Stored data below:
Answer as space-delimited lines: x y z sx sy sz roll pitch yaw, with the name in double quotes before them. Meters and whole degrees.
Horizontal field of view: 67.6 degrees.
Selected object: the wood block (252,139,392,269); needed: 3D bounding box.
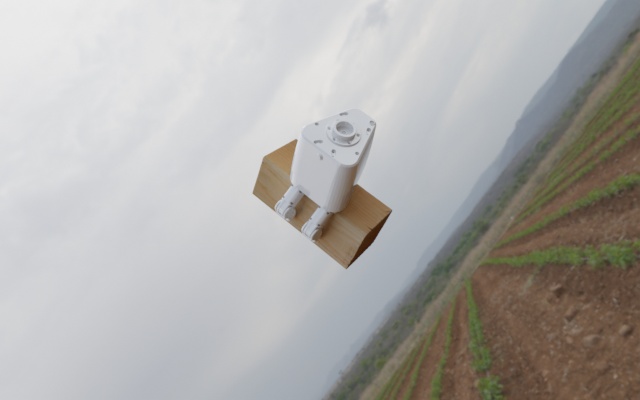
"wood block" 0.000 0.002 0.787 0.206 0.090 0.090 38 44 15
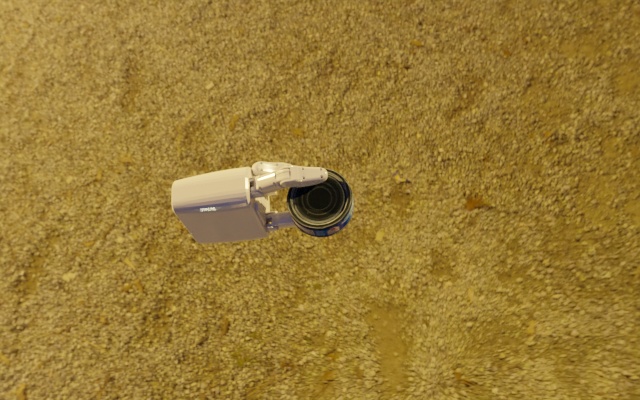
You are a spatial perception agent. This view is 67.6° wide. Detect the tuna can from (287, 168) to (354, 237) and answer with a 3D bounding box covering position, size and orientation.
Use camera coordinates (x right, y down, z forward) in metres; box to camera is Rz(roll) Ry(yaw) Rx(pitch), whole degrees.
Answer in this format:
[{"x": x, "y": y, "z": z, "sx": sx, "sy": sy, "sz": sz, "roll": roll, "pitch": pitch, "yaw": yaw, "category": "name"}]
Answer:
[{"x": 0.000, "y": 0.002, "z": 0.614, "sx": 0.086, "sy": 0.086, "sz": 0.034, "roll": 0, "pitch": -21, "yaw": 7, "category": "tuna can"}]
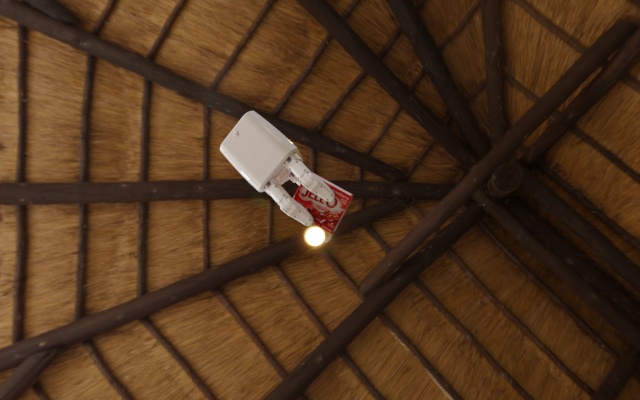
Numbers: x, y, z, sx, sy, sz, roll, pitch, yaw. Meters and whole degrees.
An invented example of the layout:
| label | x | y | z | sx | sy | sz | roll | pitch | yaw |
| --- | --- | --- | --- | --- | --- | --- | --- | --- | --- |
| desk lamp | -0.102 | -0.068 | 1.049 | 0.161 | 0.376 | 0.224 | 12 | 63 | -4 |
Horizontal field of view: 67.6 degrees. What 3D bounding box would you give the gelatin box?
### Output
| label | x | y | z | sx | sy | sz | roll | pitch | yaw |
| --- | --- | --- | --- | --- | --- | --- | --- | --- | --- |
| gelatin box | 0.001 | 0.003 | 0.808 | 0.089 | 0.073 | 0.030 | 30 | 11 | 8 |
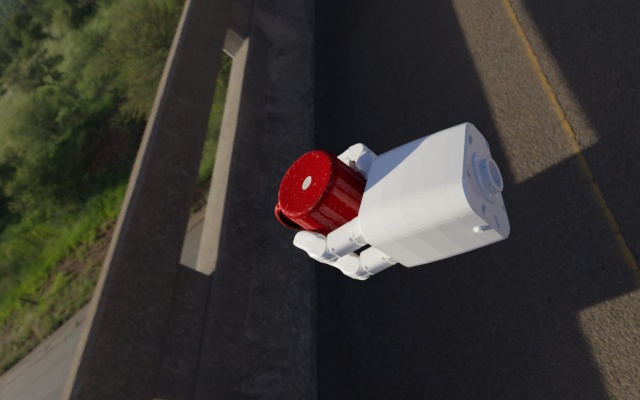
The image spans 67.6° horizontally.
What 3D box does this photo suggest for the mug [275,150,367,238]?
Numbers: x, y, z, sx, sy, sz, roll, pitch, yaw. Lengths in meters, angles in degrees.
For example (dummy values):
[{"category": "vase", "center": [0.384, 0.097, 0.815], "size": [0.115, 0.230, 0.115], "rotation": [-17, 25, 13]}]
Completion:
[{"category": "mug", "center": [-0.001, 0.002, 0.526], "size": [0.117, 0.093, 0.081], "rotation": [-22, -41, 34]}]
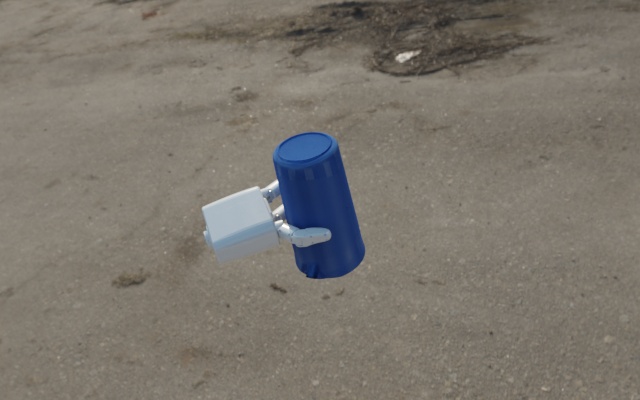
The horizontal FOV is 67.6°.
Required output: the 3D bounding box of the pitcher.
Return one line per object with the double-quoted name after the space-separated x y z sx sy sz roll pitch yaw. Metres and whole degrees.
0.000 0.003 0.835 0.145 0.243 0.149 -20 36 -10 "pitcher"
End of Stored data.
Stored data below:
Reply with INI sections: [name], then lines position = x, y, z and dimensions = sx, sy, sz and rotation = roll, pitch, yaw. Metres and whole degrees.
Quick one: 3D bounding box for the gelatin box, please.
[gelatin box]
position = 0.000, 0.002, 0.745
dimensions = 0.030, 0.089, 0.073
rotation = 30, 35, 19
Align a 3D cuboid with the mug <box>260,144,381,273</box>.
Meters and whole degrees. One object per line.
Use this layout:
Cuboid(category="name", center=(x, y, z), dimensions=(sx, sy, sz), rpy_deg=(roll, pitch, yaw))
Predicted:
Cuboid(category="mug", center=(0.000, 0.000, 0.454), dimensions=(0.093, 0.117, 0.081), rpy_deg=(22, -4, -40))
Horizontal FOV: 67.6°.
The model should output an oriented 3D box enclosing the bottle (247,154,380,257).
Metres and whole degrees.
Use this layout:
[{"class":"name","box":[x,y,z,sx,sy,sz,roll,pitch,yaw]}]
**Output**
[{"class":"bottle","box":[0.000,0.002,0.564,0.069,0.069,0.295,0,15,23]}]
End of Stored data.
Stored data below:
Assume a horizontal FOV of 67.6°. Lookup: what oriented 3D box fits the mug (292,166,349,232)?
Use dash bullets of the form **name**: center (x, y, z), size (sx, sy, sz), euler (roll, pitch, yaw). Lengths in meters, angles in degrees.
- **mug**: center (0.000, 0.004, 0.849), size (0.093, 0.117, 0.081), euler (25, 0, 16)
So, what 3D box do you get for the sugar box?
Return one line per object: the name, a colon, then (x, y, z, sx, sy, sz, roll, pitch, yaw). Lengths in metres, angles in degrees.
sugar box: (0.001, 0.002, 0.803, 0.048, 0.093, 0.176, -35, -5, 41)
End of Stored data.
The lines to return are those in the entries above that hold "oriented".

The model should output an oriented 3D box enclosing the bottle (247,154,380,257).
Assume a horizontal FOV of 67.6°. Lookup: what oriented 3D box fits the mug (292,166,349,232)?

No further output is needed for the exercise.